The investigators are currently studying the risk variants intensively to figure out how they work. "We think they may differentially regulate processes such as apoptosis and cell repair may function as a chloride channel in mammalian systems in the same way it doses in lysosomes and may affect biological function," Dr. Friedman hypothesized.

In addition to exploring the underlying mechanisms, the potential clinical value of the genetic discovery is also being considered. "This may help us improve risk stratification," Dr. Friedman said. "It’s one thing to say that African Americans have a fourfold increased risk of kidney disease. It’s better to find the tag SNP [single nucleotide polymorphism] that will tell if an individual might have an increased risk. If you can actually find the causal variant, then you can potentially predict with much higher success who is and is not at risk for kidney failure," he stated. "The problem is that it works pretty well in Western African populations, such as Nigerians, but not as well in East Africans, such as Ethiopians."
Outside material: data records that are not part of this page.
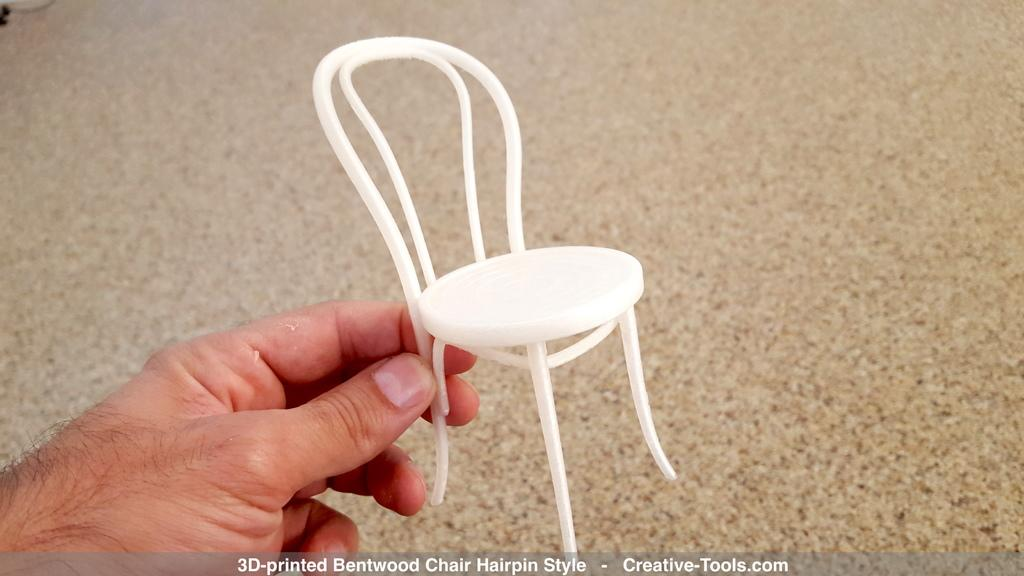What is being held by the hand in the image? The hand is holding a white color toy chair. What can be seen in the background of the image? There is a floor visible in the background of the image. Is there any text present in the image? Yes, there is text written at the bottom of the picture. Where is the drain located in the image? There is no drain present in the image. What type of tray is being used by the man in the image? There is no tray visible in the image; the man's hand is holding a toy chair. 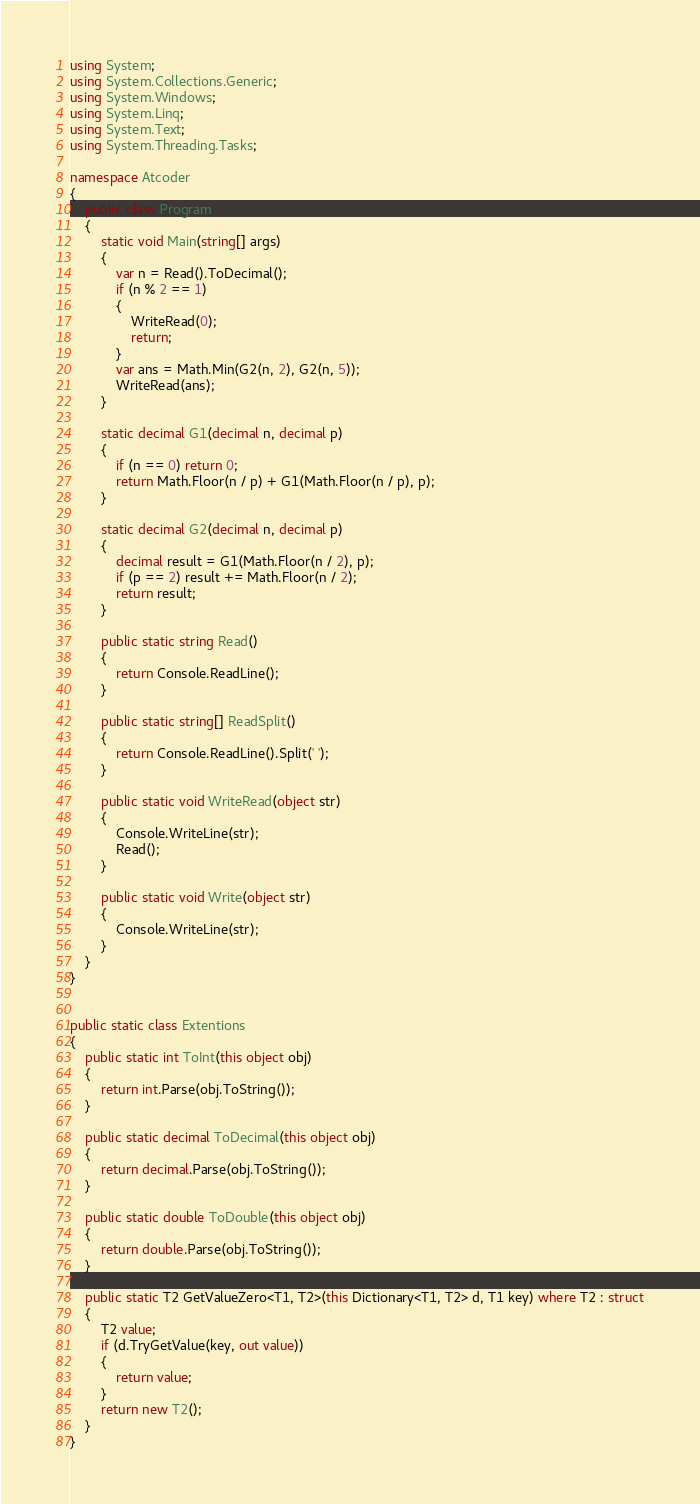<code> <loc_0><loc_0><loc_500><loc_500><_C#_>using System;
using System.Collections.Generic;
using System.Windows;
using System.Linq;
using System.Text;
using System.Threading.Tasks;

namespace Atcoder
{
    public class Program
    {
        static void Main(string[] args)
        {
            var n = Read().ToDecimal();
            if (n % 2 == 1)
            {
                WriteRead(0);
                return;
            }
            var ans = Math.Min(G2(n, 2), G2(n, 5));
            WriteRead(ans);
        }

        static decimal G1(decimal n, decimal p)
        {
            if (n == 0) return 0;
            return Math.Floor(n / p) + G1(Math.Floor(n / p), p);
        }

        static decimal G2(decimal n, decimal p)
        {
            decimal result = G1(Math.Floor(n / 2), p);
            if (p == 2) result += Math.Floor(n / 2);
            return result;
        }

        public static string Read()
        {
            return Console.ReadLine();
        }

        public static string[] ReadSplit()
        {
            return Console.ReadLine().Split(' ');
        }

        public static void WriteRead(object str)
        {
            Console.WriteLine(str);
            Read();
        }

        public static void Write(object str)
        {
            Console.WriteLine(str);
        }
    }
}


public static class Extentions
{
    public static int ToInt(this object obj)
    {
        return int.Parse(obj.ToString());
    }

    public static decimal ToDecimal(this object obj)
    {
        return decimal.Parse(obj.ToString());
    }

    public static double ToDouble(this object obj)
    {
        return double.Parse(obj.ToString());
    }

    public static T2 GetValueZero<T1, T2>(this Dictionary<T1, T2> d, T1 key) where T2 : struct
    {
        T2 value;
        if (d.TryGetValue(key, out value))
        {
            return value;
        }
        return new T2();
    }
}

</code> 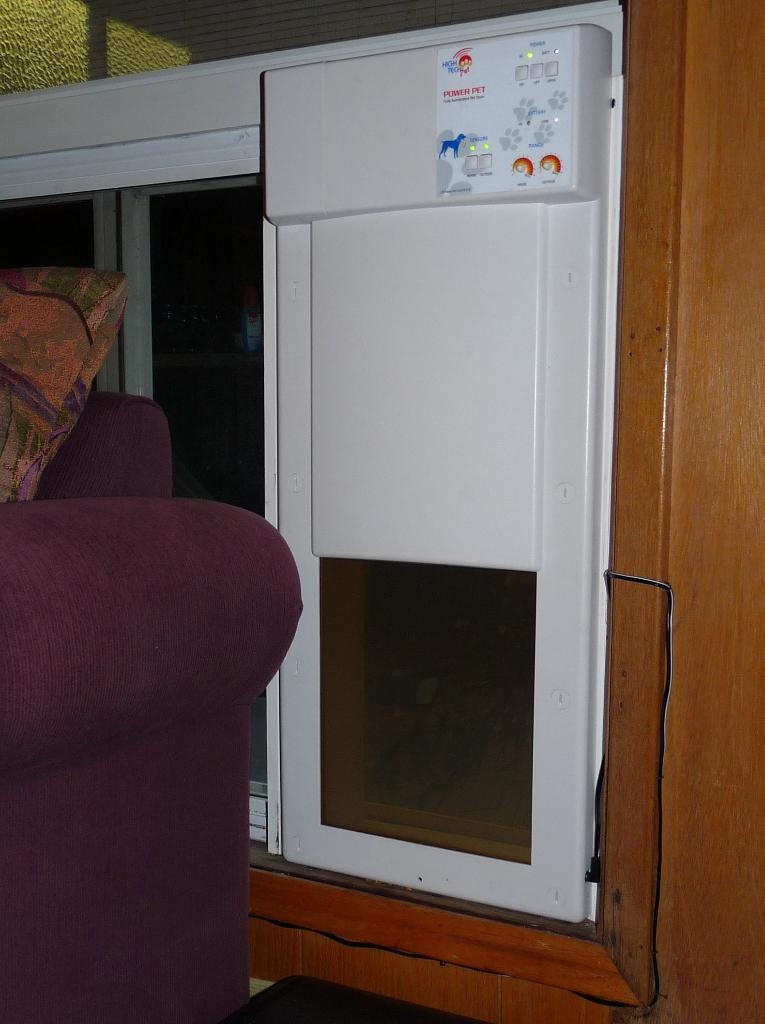<image>
Summarize the visual content of the image. The Power Pet machine seems to be embedded into the wall. 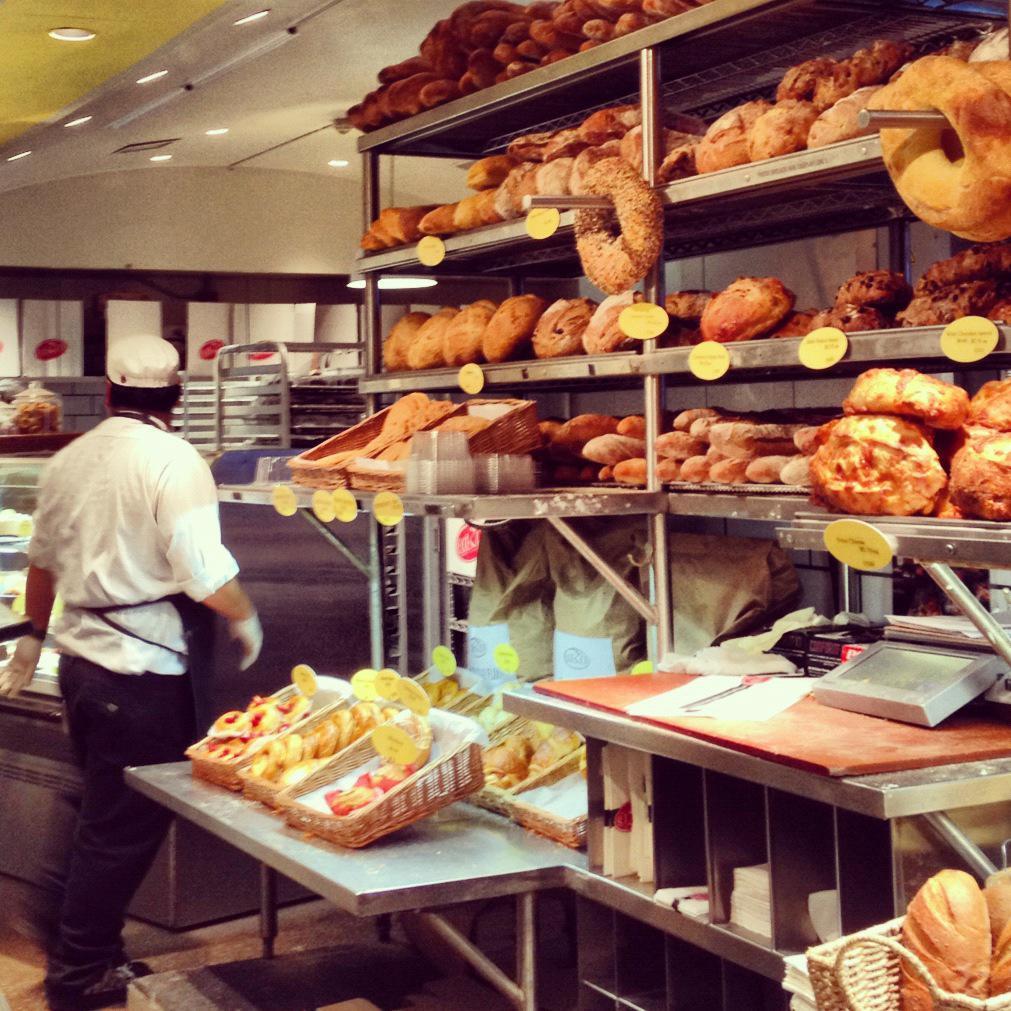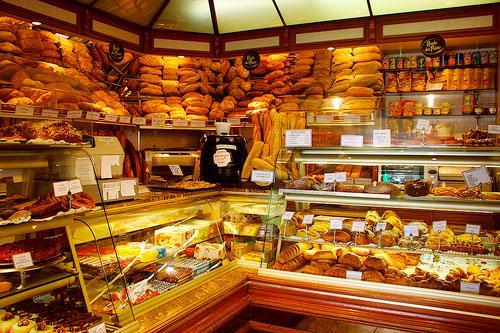The first image is the image on the left, the second image is the image on the right. Examine the images to the left and right. Is the description "A black chalkboard advertises items next to a food display in one bakery." accurate? Answer yes or no. No.

One of the main questions that Dr. Friedman and his colleagues currently are pursuing is whether hypertension causes kidney disease in these at-risk individuals or whether hypertension is the result of primary renal vascular disease.

"To us, the fact that the very same genetic variants cause hypertension-associated ESRD and FSGS, a primary renal microvascular disease, suggests that these may be the same disease process that we are either catching at different stages or that have different modifiers, and that hypertension in these patients may just be a symptom and not a cause of kidney failure," Dr. Friedman said. Additionally, the investigators are trying to determine why only some people with two risk alleles develop kidney disease and why APOL1 risk variants have little to no effect on diabetic nephropathy, which may offer some clues to how the molecules work, he said.

A cure for nondiabetic kidney disease, which accounts for more than $8.2 billion annually in dialysis coasts, may directly result from the APOL1 finding, Dr. Friedman said. "It’s that important."

Dr. Friedman reported no financial conflicts of interested related to his presentation.